Raja Adil Siregar - detikNews
Pasar Pocong di Sumsel Selalu Ramai, Berdiri sejak 2002 Pasar Pocong di TPU di Palembang (raja/detikcom)
Palembang - Sementara pasar pada umumnya berada di tempat keramaian, hal berbeda terlihat di salah satu pasar tradisional di Palembang, Sumatera Selatan. Pasar itu disebut warga sebagai 'Pasar Pocong'. Kok bisa?

Dari informasi yang dihimpun detikcom, Pasar Pocong sudah berdiri sejak 2002. Pasar ini dulu bernama 'Pasar Naga Sewidak' dan beroperasi dari pagi hingga sore.

Karena letaknya yang berada di tempat pemakaman umum (TPU), Pasar Naga Sewidak akhirnya disebut warga sebagai Pasar Pocong. Meskipun nama pasarnya seram, warga tetap ramai berbelanja di sana.

Pasar dengan luas 100 meter persegi tersebut bahkan menjadi pasar unik yang ada di Kota Palembang. Bukan hanya karena letaknya, tapi juga lantaran harga bahan baku yang ada di pasar itu murah.

"Kalau harga relatif murah di sini, berbeda dengan pasar tradisional lainnya. Selisih harga lumayan, berkisar Rp 2-3 ribu," kata salah seorang pembeli, Mirayanti, kepada detikcom, Senin (16/7/2018).

Menurut Mira, dirinya selalu berbelanja di Pasar Pocong setiap hari. Bukan karena harga, tapi juga karena letaknya tidak jauh dari tempat tinggalnya di Jalan Panjaitan, Kelurahan 14 Ulu, Palembang.

Seperti namanya, 'Pasar Pocong', Mira mengaku sering mendapat kabar adanya pedagang serta pembeli yang merasa aneh dan melihat sesuatu saat berbelanja. Dari hal mistis hingga keanehan lain.

"Hal mistis sering dengar, kadang ada barang belanjaan yang berpindah dan ada juga warga yang melihat sesuatu melintas di pemakaman," katanya.

Meskipun banyak keanehan, pasar itu disebut tetap menjadi primadona oleh warga sekitar. Mengingat di Pasar Pocong hampir semua kebutuhan pokok tersedia.

Ratusan pedagang terlihat menggelar lapak di antara jalan di TPU Naga Sewidak. Sedangkan di bagian kanan, kiri, dan belakangnya, terlihat ada batu nisan.

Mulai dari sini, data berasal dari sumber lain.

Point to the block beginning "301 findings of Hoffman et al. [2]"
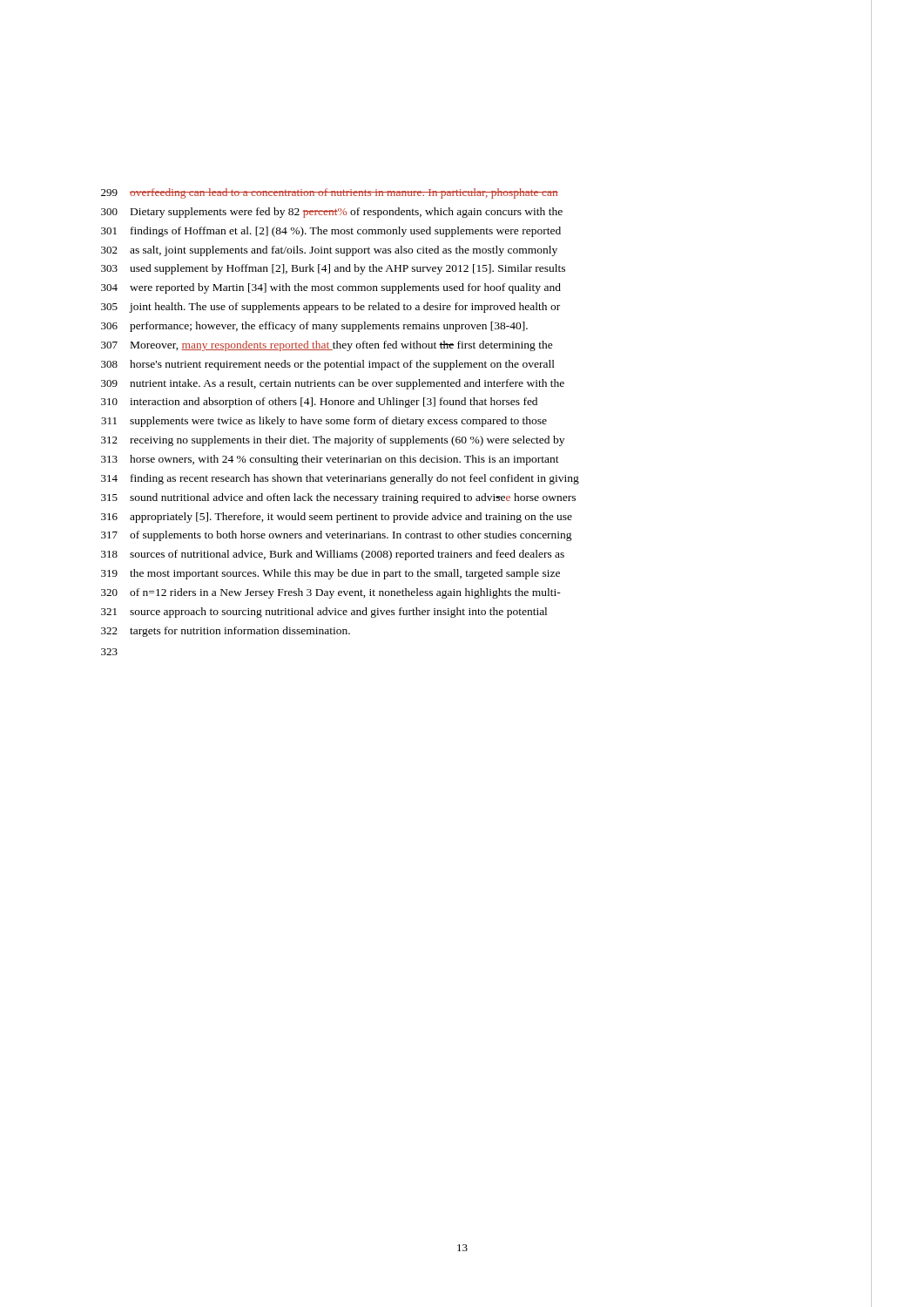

Tidak jarang, pedagang menumpukkan dagangan mereka di atas batu nisan di TPU Naga Sewidak. Termasuk duduk di atasnya saat berjualan.

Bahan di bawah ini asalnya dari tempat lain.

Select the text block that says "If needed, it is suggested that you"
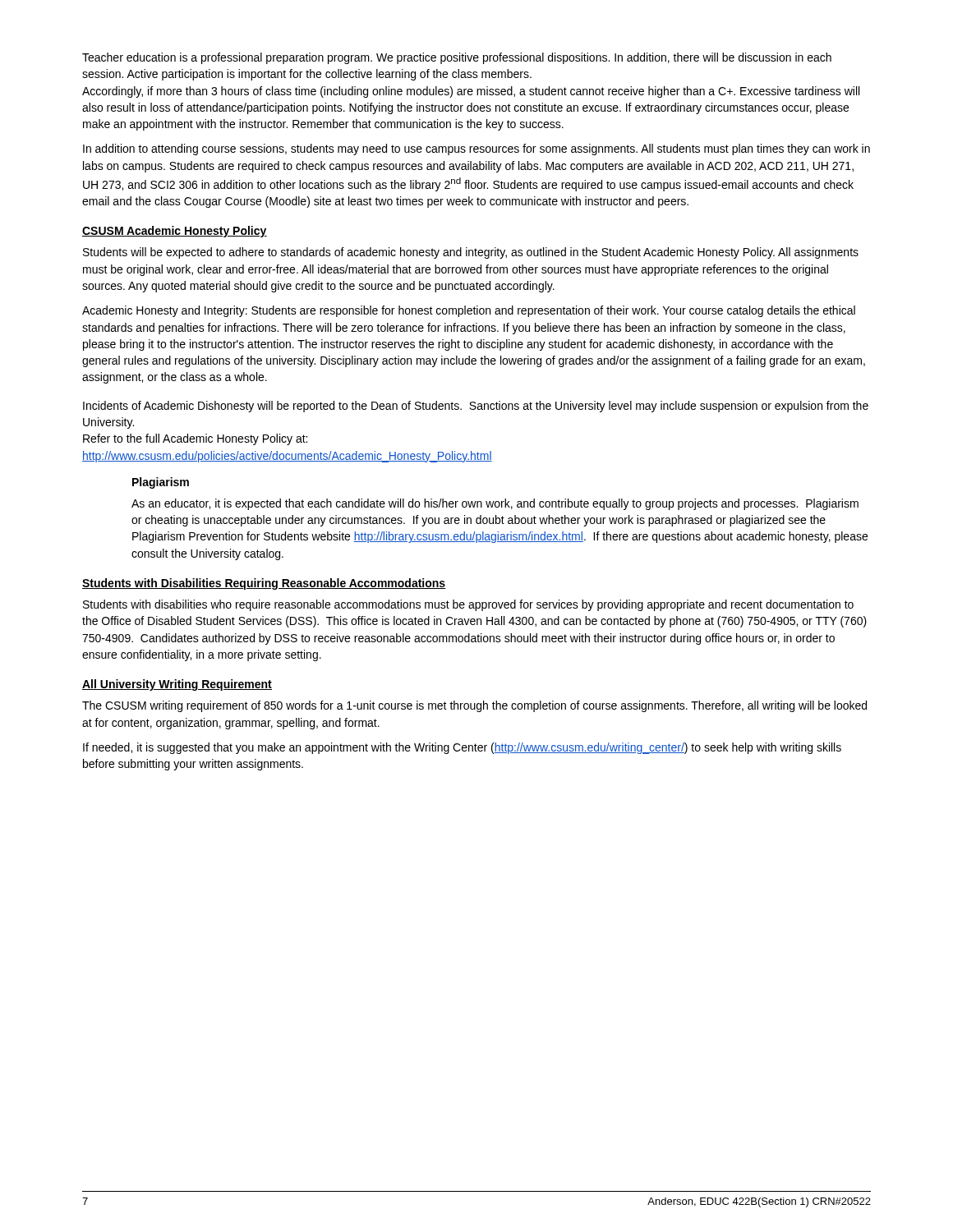pyautogui.click(x=476, y=756)

"Kami jualan di sini pagi sampai sore hari, selesai jualan kami langsung bersihkan lapak masing-masing. Tetapi ada juga yang bayar kebersihan," kata salah satu pedagang, Karman.

Sudah berjualan belasan tahun, Karman mengaku awalnya sempat pesimistis tidak ada warga yang berbelanja. Seiring dengan berjalannya waktu, Pasar Pocong mulai dikenal dan banyak yang berbelanja.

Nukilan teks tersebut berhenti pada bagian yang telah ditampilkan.